** Task inputs **
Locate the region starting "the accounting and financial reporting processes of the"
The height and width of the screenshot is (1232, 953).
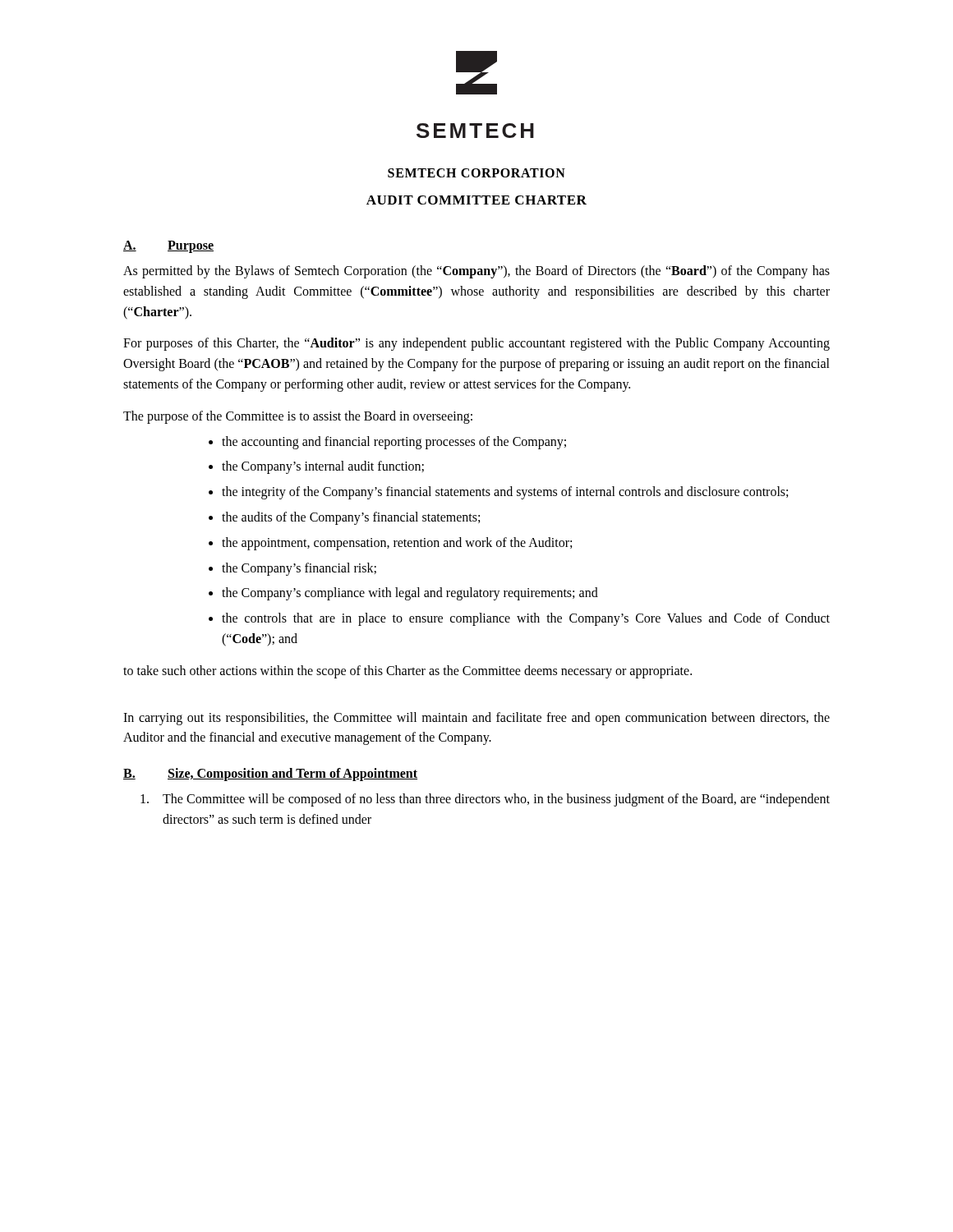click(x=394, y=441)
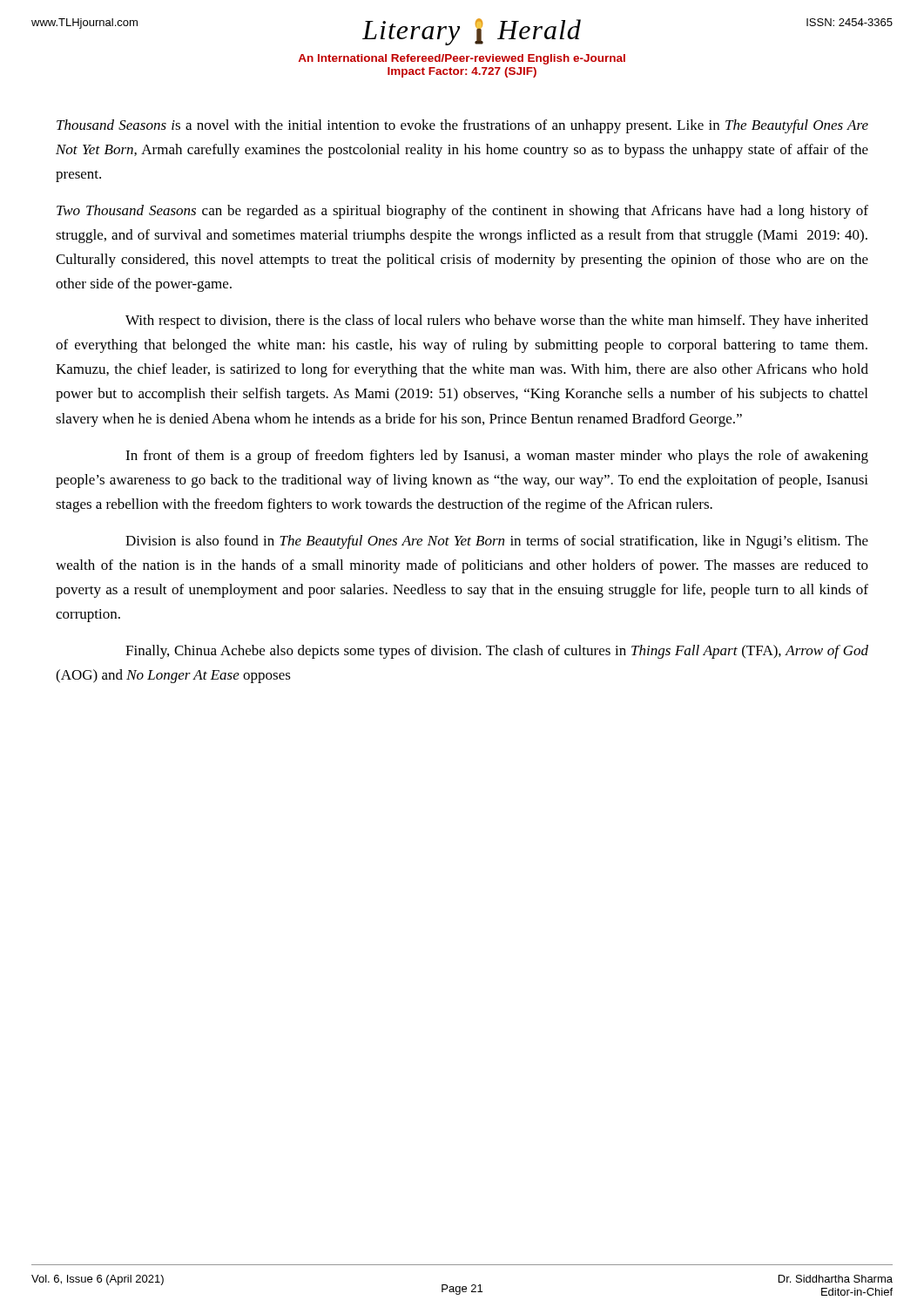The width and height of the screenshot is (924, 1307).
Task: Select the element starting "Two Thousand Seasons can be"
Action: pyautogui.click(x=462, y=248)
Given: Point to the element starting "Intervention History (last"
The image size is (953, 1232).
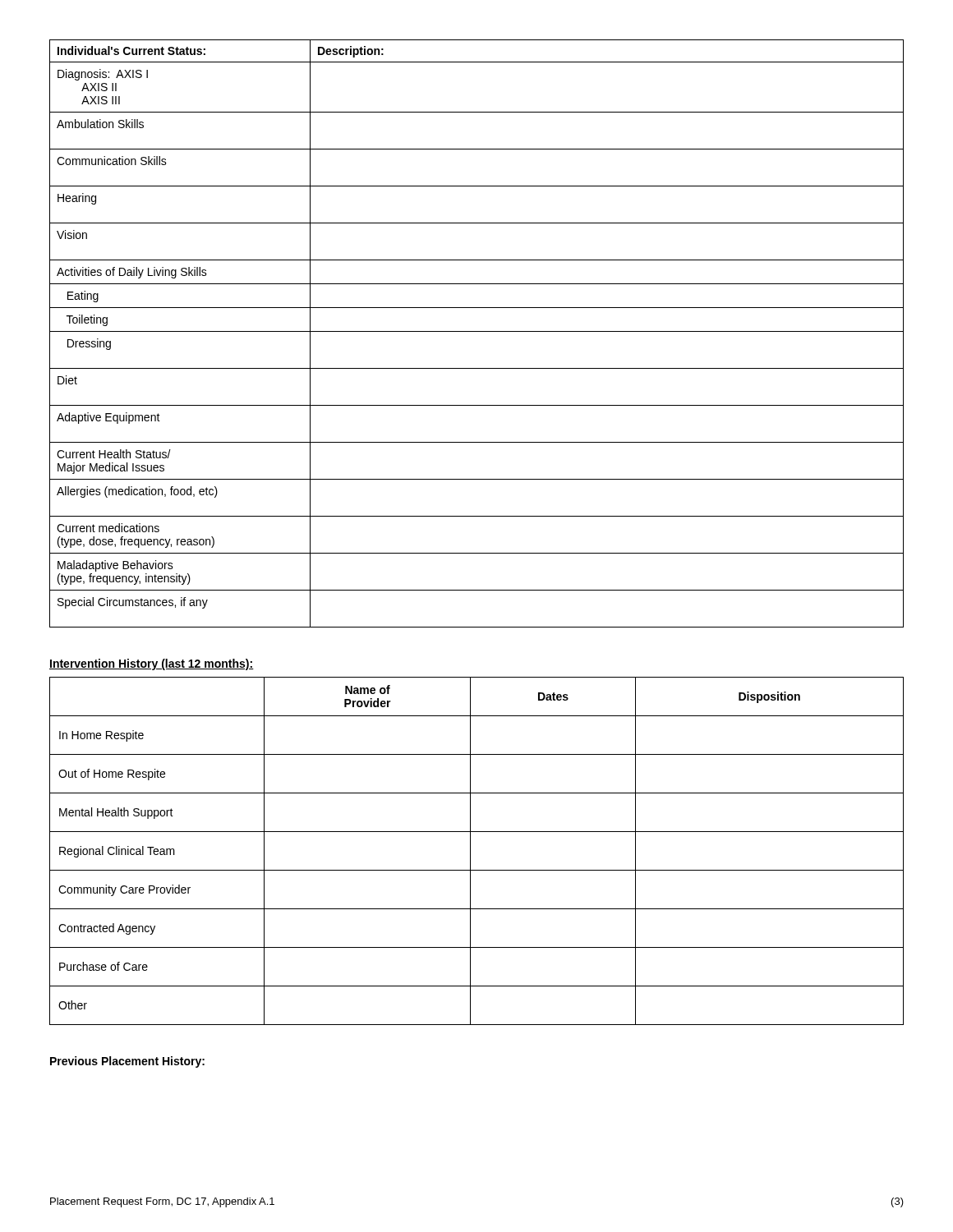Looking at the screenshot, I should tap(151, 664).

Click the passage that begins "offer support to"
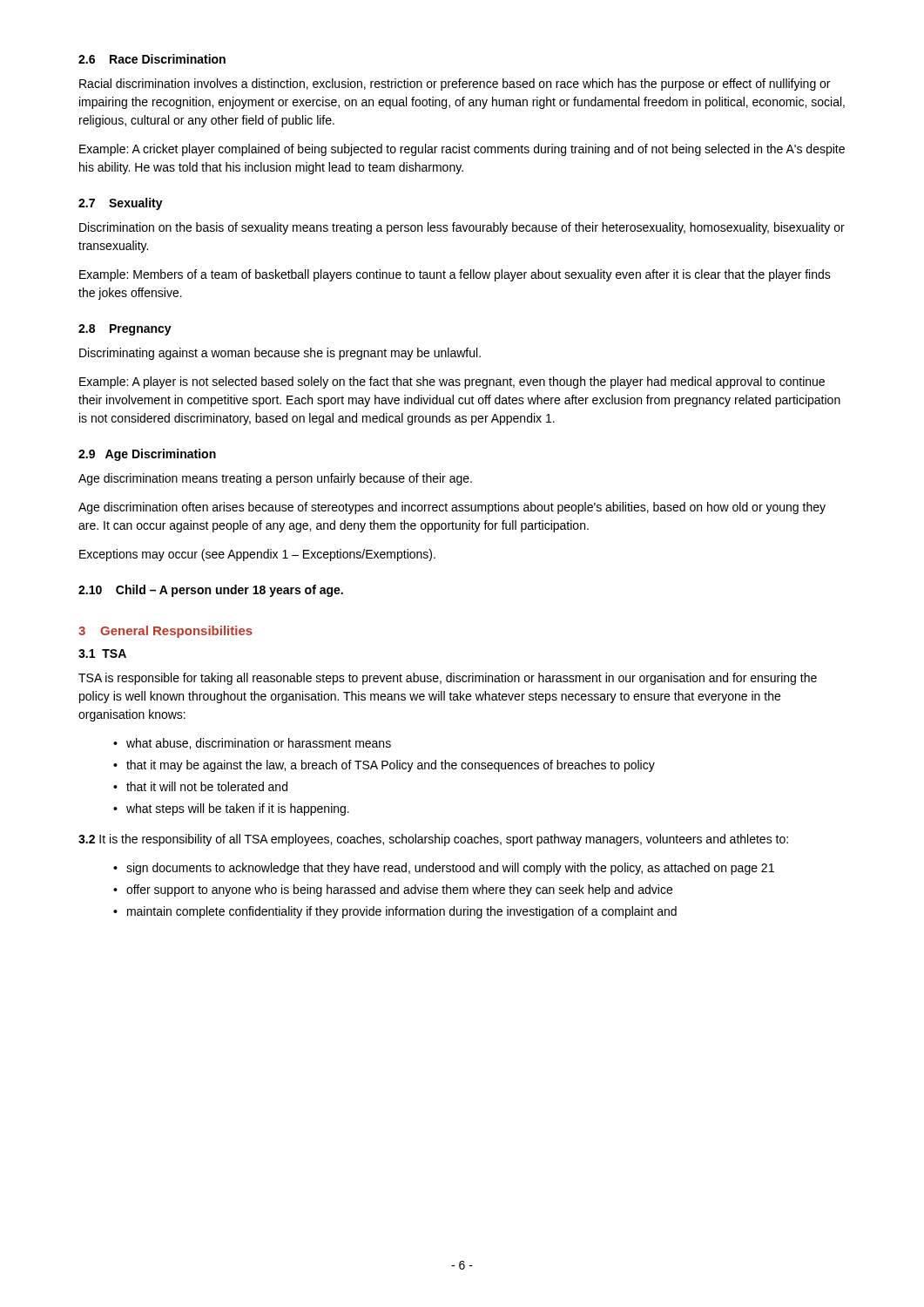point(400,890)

** Activity **
Set down all records verbatim, omitting images.

** Reply **
Locate the region starting "the accounting and financial reporting processes of the"
The height and width of the screenshot is (1232, 953).
click(x=394, y=441)
The width and height of the screenshot is (924, 1307).
Task: Select the element starting "Two Thousand Seasons can be"
Action: pyautogui.click(x=462, y=248)
Given: Point to the element starting "Intervention History (last"
The image size is (953, 1232).
Looking at the screenshot, I should tap(151, 664).

Click the passage that begins "offer support to"
point(400,890)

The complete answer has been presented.